Since expression of NeuN is considered a good marker of the latter stages of neuronal maturation, we considered the possibility that the decrease in NeuN-positive neurons in Ammon’s horn could be due, in part, to failure of proper differentiation of granule cells in the CA3 field. However, we found that the number of immature Calretinin-positive granule cell neurons per area in the Ammon’s horns of Rereom/eyes3 and wild-type embryos to be comparable. Additional studies are underway to determine if impaired neurogenesis, including differentiation of pyramidal cells in the CA fields, contributes to the decreased numbers of NeuN-positive neurons seen in the Ammon’s horns of Rereom/eyes3 embryos.
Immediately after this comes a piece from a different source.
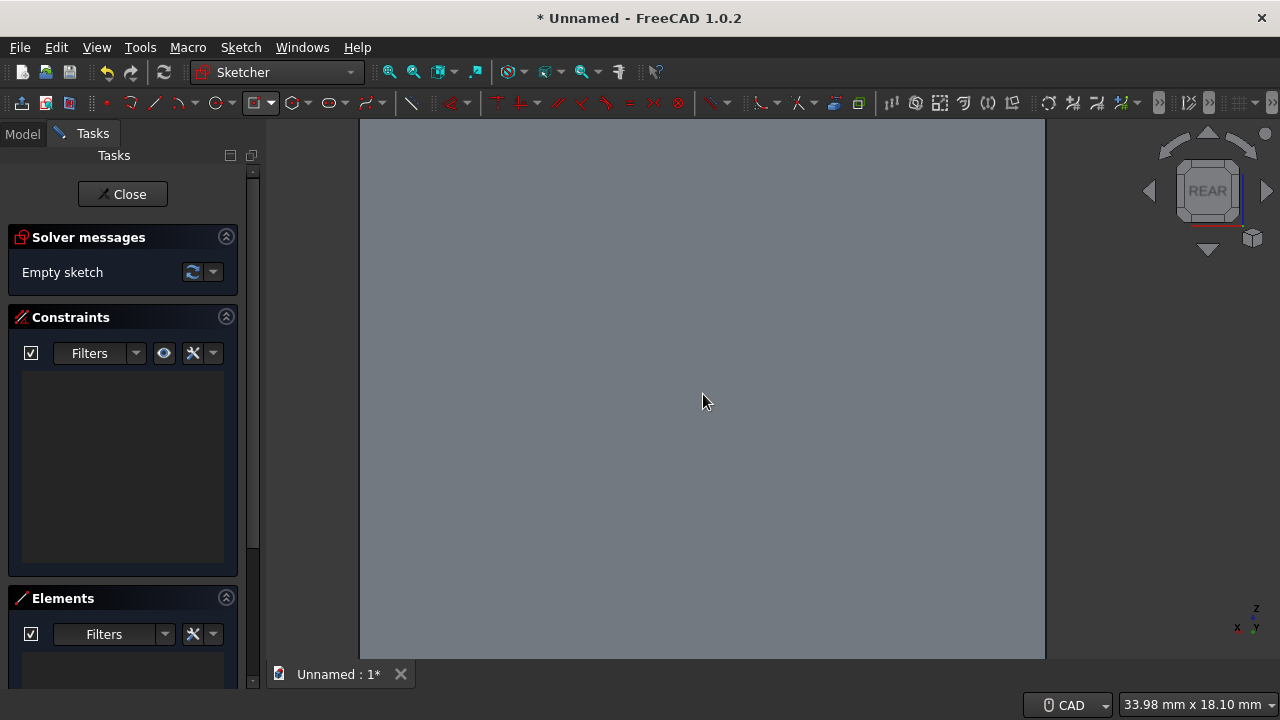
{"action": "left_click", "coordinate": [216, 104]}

In contrast to our findings in Ammon’s horn, the numbers of NeuN-positive cells per area in the dentate gyrus were not significantly different between Rereom/eyes3 embryos and wild-type littermates. Further analyses revealed no difference in the mitotic activity, the number of Nestin-positive or GFAP-positive stem cells or in the number of immature granule cells in the dentate gyri of embryos of these genotypes.
Neurobehavioral testing was performed on Rere+/om mice since they do not have the health problems seen in Rereom/eyes3 and Rereeyes3/eyes3 mice which could compromise results. However, we found no significant differences between Rere+/om and wild-type mice in open field activity, Rotarod, prepulse inhibition of acoustic startle and conditioned fear tests. This result was not completely unexpected since it is likely that multiple genes on chromosome 1p36 contribute to cognitive defects 9–12. The generation of Rere conditional knockout mice would enhance our ability to gauge the potential contribution of RERE deficiency on cognitive ability and behavior by allowing us to decrease the expression of RERE in specific brain areas–like the hippocampus–while avoiding deleterious systemic effects that could compromise test results.
The Role Of RERE In The Auditory System
Sensorineural hearing loss is seen in some individuals with terminal and interstitial deletions of 1p36 1,7. Rereom/eyes3 mice performed poorly on both acoustic startle and ABR testing. This suggests that RERE is required for normal hearing in mice. Similar findings have been seen in zebrafish in which autosomal recessive mutations in the RERE homolog, rerea, cause inconsistent startle response and decreased microphonic potentials 50. Studies are underway to determine the expression pattern of RERE in the inner ear and the molecular mechanism by which RERE deficiency affects inner ear development and/or function.
The Role Of RERE In The Heart
Cardiovascular malformations are common findings in both terminal and proximal interstitial deletions of 1p36 1,4,6,7. Rereom/om embryos have been shown to die around E9.5–E11.5 with unlooped hearts and signs of cardiac failure 18. This suggests that RERE plays a critical role in early cardiovascular development. Failure of cardiac looping is also seen in embryos in which both copies of Raldh2–a gene which encodes the enzyme that catalyzes the production of retinoic acid in most tissues–have been disrupted 51,52. Given the similarities seen in RERE and RALDH2-deficient mice, and the fact that RERE has been established to be a positive regulator of retinoic acid signaling, it is likely that RERE functions to regulate retinoic acid signaling in early cardiovascular development 20.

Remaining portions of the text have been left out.